Cross-benchmark analysis indicates that existing evaluation benchmarks frequently exhibit incomplete coverage of relevant concepts, contributing to an inaccurate assessment of model capabilities. Specifically, a systematic review revealed missing concepts within established benchmarks; for instance, a complete mapping was achieved between AHA key qualities and SAE concepts, attaining 100% coverage where prior benchmarks were deficient.
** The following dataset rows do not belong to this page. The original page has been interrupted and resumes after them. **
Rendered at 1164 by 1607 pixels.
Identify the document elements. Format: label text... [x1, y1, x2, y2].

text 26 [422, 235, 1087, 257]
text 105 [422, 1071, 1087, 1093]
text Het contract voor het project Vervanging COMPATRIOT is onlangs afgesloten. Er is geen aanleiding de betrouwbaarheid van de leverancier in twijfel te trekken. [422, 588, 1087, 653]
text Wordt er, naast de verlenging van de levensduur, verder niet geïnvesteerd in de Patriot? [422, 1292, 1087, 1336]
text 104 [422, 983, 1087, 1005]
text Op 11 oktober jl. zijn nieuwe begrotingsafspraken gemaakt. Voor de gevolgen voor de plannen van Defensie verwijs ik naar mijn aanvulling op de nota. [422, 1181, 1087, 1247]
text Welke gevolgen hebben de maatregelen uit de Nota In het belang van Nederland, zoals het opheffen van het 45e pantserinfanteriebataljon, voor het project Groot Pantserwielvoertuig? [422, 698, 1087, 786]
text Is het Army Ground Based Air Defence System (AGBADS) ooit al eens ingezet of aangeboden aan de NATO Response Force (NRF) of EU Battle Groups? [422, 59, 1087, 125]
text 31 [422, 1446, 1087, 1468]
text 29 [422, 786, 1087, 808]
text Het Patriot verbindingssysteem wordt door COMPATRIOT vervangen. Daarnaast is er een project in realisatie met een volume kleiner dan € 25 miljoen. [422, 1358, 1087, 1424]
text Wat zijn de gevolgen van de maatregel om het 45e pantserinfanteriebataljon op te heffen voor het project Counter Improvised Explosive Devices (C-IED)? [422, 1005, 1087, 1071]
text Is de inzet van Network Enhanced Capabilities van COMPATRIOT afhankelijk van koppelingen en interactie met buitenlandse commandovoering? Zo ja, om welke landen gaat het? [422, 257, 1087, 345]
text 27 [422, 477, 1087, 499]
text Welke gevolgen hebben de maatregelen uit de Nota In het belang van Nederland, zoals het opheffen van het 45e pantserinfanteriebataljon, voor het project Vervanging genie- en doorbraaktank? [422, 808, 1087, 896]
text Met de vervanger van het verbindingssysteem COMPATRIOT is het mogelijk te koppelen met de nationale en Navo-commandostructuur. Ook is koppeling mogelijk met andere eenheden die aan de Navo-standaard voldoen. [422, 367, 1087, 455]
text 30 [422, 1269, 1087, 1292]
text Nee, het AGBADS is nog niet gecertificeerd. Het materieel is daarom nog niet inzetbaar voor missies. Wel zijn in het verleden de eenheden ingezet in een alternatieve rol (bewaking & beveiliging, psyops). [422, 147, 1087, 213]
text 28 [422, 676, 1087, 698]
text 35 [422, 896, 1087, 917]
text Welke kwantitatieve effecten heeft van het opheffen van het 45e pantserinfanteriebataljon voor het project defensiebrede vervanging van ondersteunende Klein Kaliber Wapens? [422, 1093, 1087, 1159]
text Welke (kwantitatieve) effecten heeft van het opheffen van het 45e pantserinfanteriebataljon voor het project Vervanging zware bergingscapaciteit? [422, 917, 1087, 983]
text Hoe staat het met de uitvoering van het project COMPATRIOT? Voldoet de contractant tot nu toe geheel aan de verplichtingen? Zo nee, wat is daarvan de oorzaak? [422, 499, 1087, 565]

This highlights a limitation in relying solely on existing benchmarks for comprehensive model evaluation and underscores the need for more exhaustive concept inventories to accurately gauge performance across a wider range of abilities.

Concept Gap (CG) analysis demonstrates applicability across diverse large language model (LLM) architectures, including Llama 3.1 8B Instruct and Gemma 2-2B-Instruct. Evaluation using these open-source LLMs confirmed CG’s ability to recover all 43 model gaps initially identified by the AutoDetect framework, achieving 100% recovery. Furthermore, CG identified additional gaps in model understanding that were not present within the scope of the AutoDetect assessment, indicating its capacity for broader knowledge gap detection.

Llama 3 8B consistently achieves high coverage on a small subset of concepts within each benchmark, as demonstrated by the strong left skew in <span class="katex-eq" data-katex-display="false">\chi_{bench}^{(b,c)}</span> score distributions.
Llama 3 8B consistently achieves high coverage on a small subset of concepts within each benchmark, as demonstrated by the strong left skew in \chi_{bench}^{(b,c)} score distributions.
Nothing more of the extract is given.